▶ Aim of the task:
Please repeat the records beneath this task exactly as they appear, but skip the images.

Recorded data
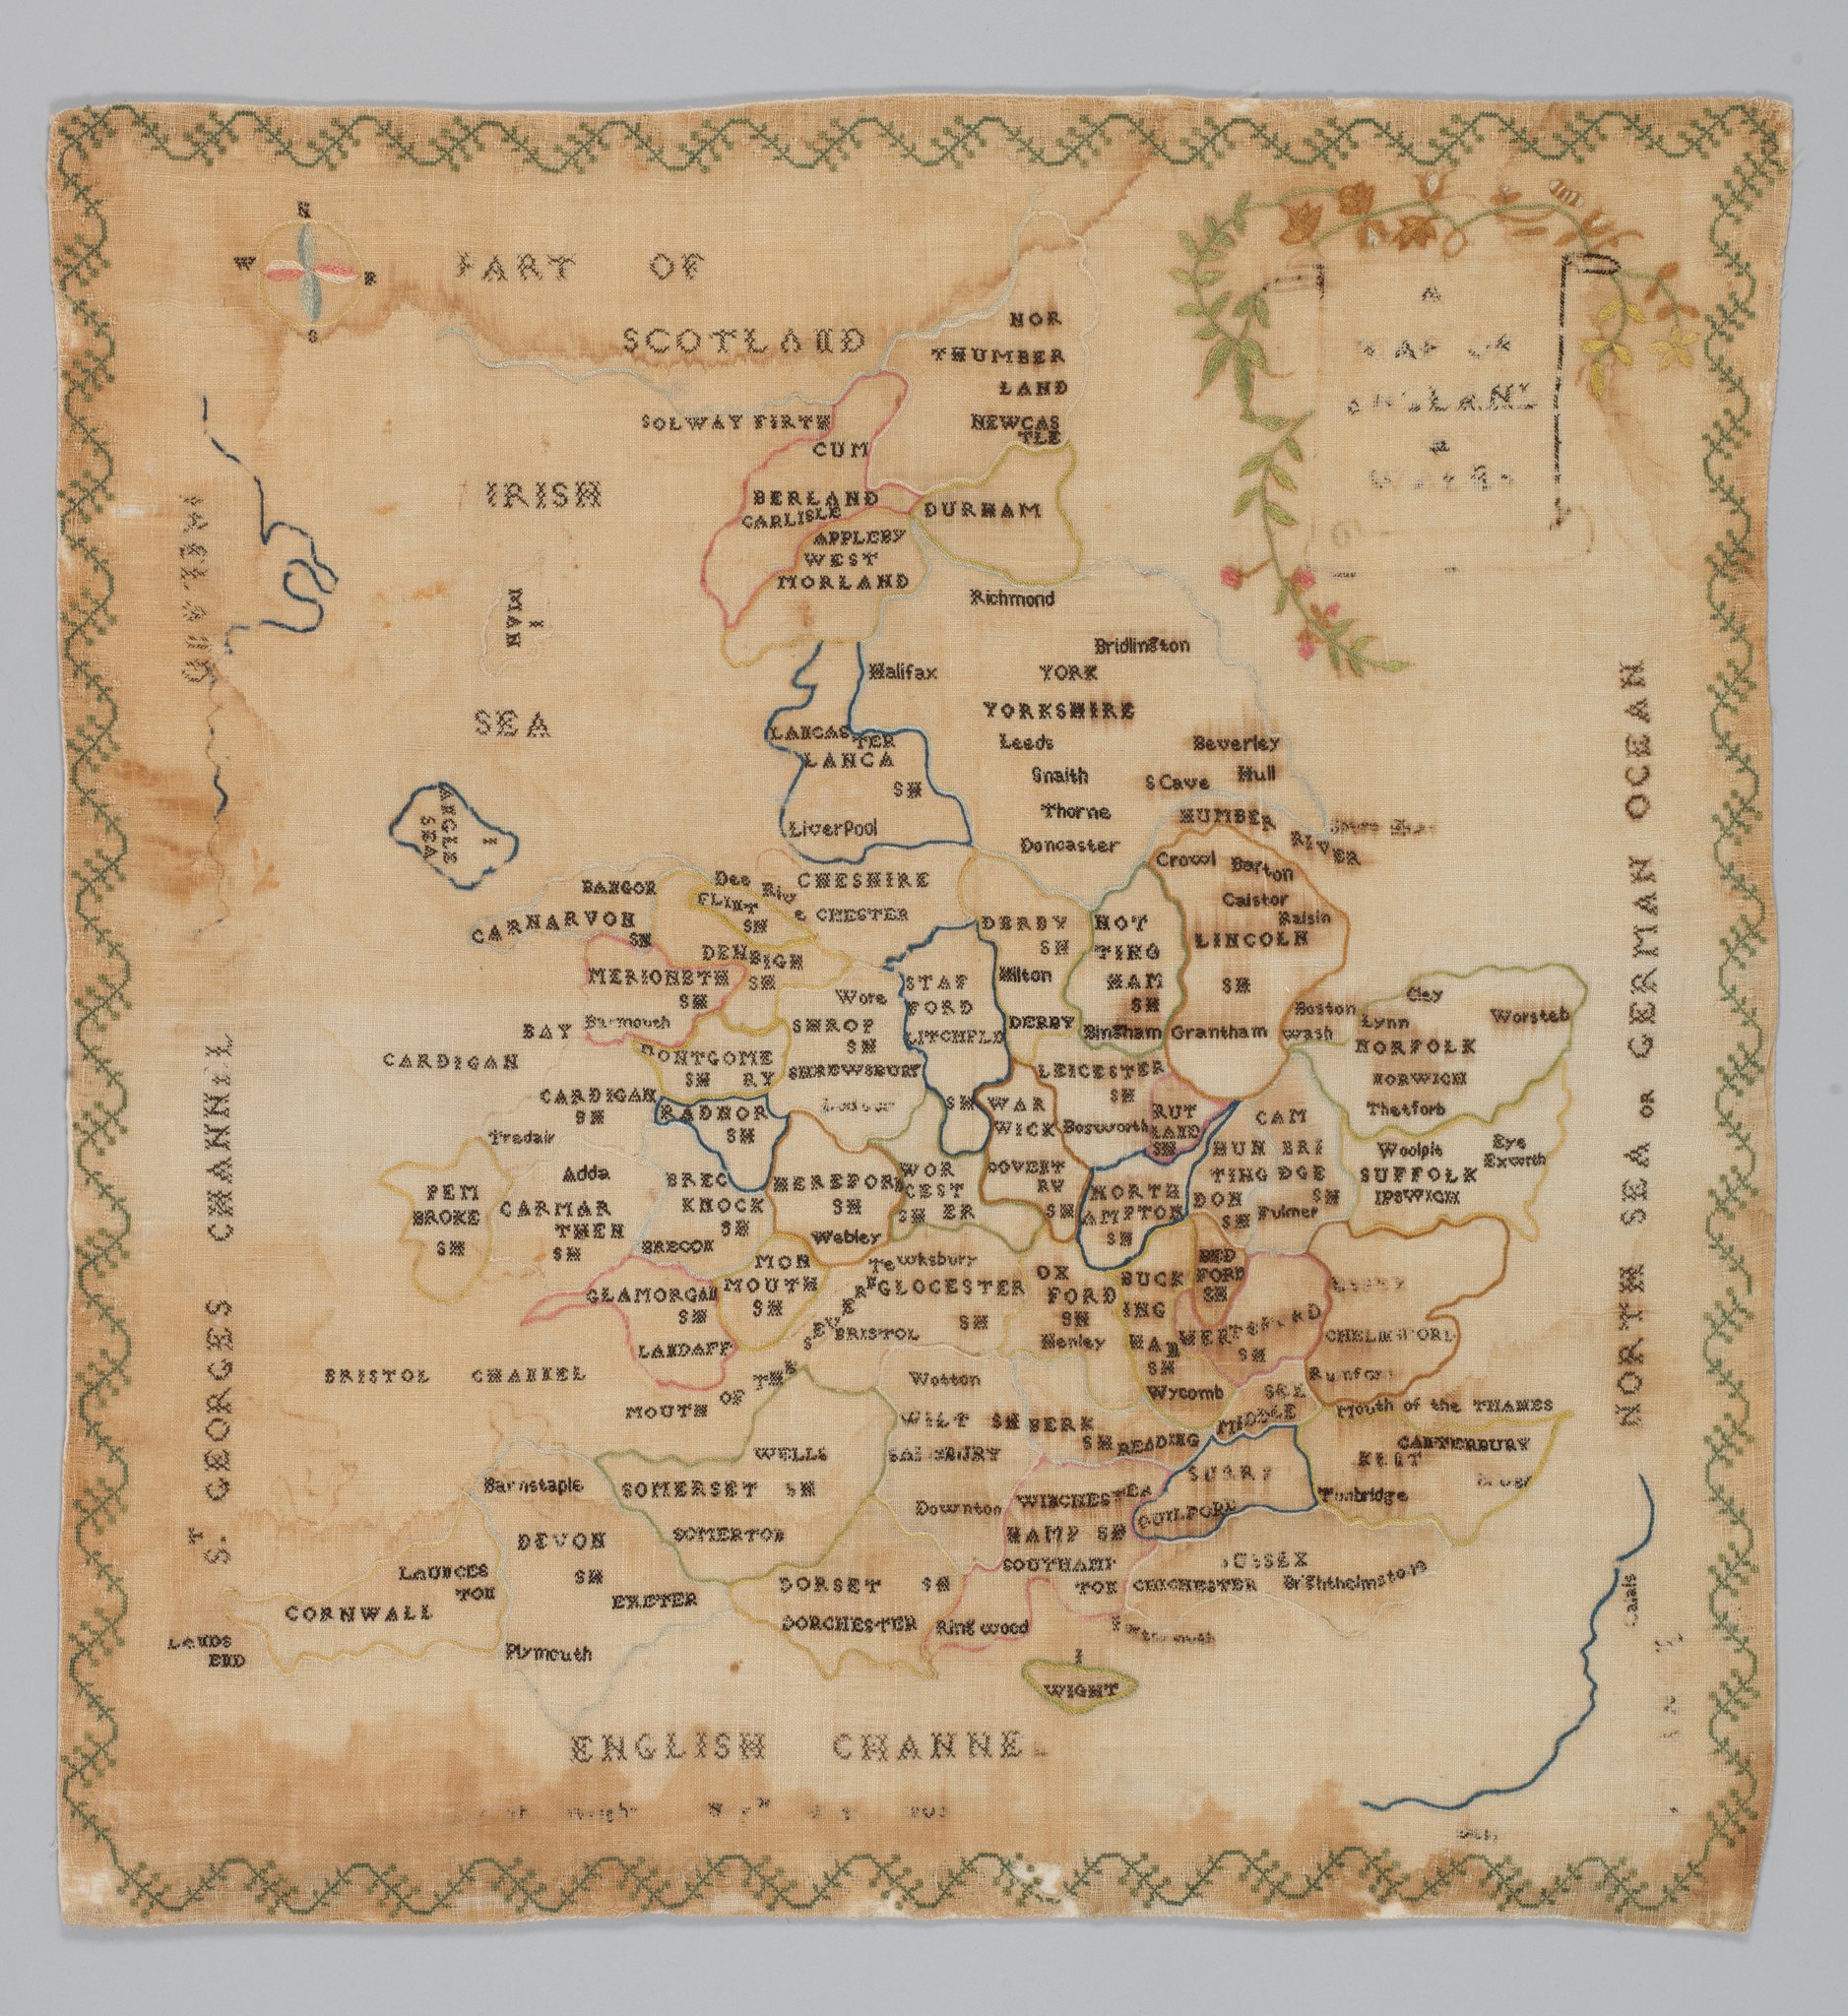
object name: sampler
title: Embroidered map sampler
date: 1801-1900
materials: canvas, cotton, silk
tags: maps
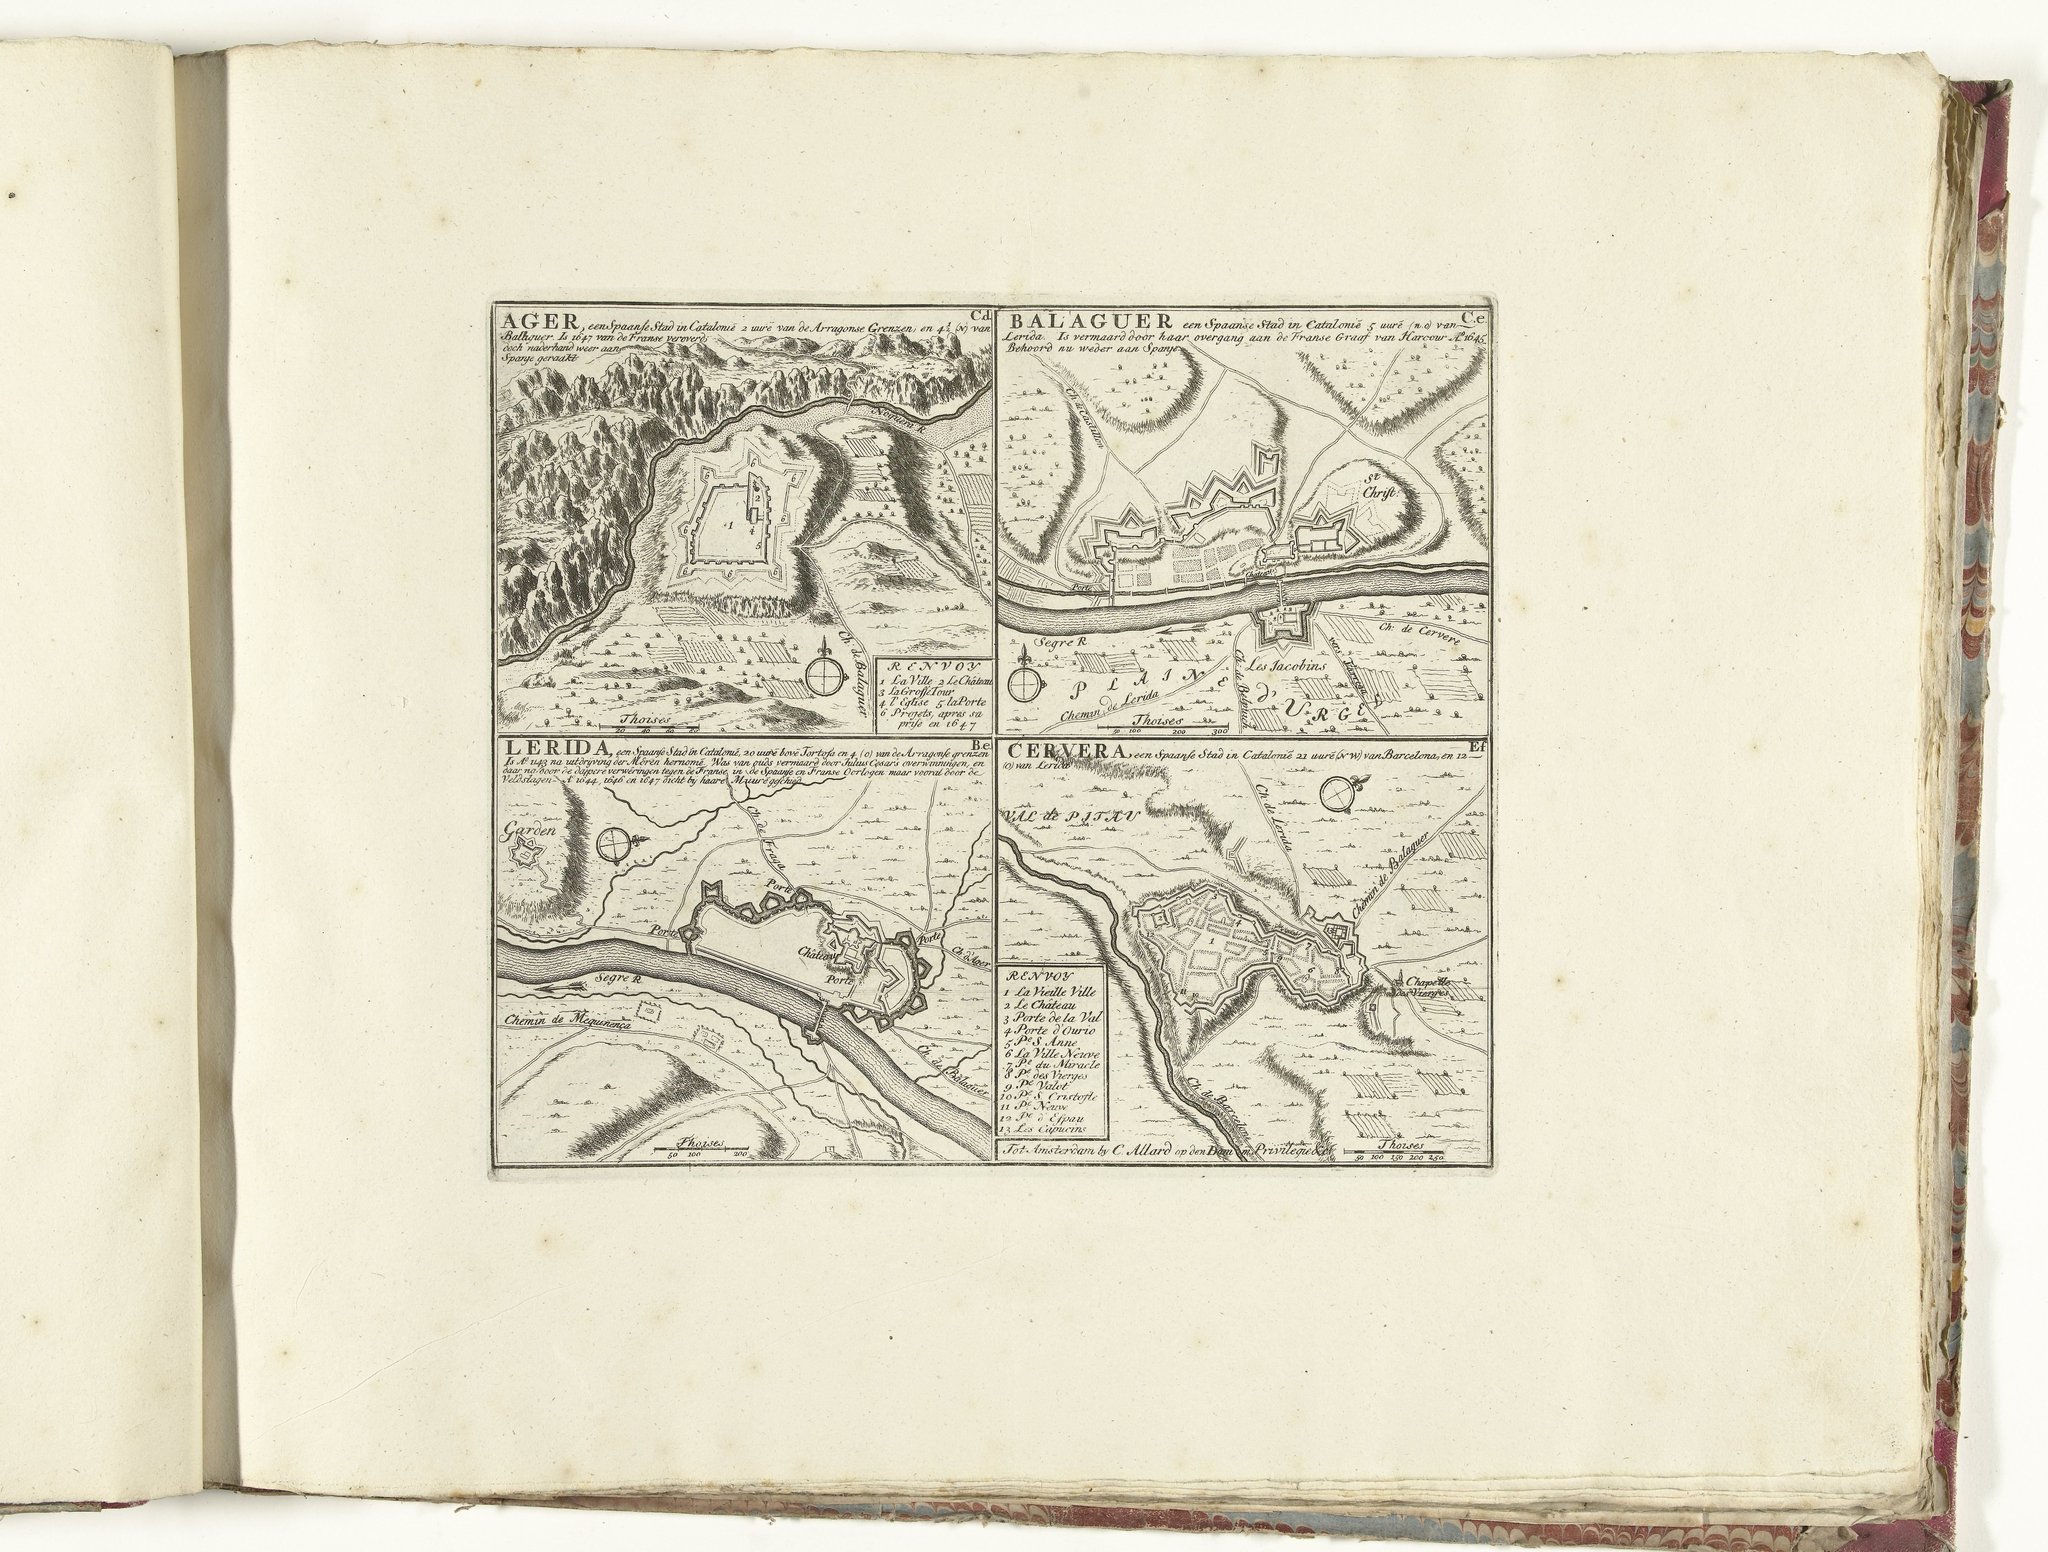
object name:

▶ Task solution:
object name: sampler
title: Embroidered map sampler
date: 1801-1900
materials: canvas, cotton, silk
tags: maps
object name:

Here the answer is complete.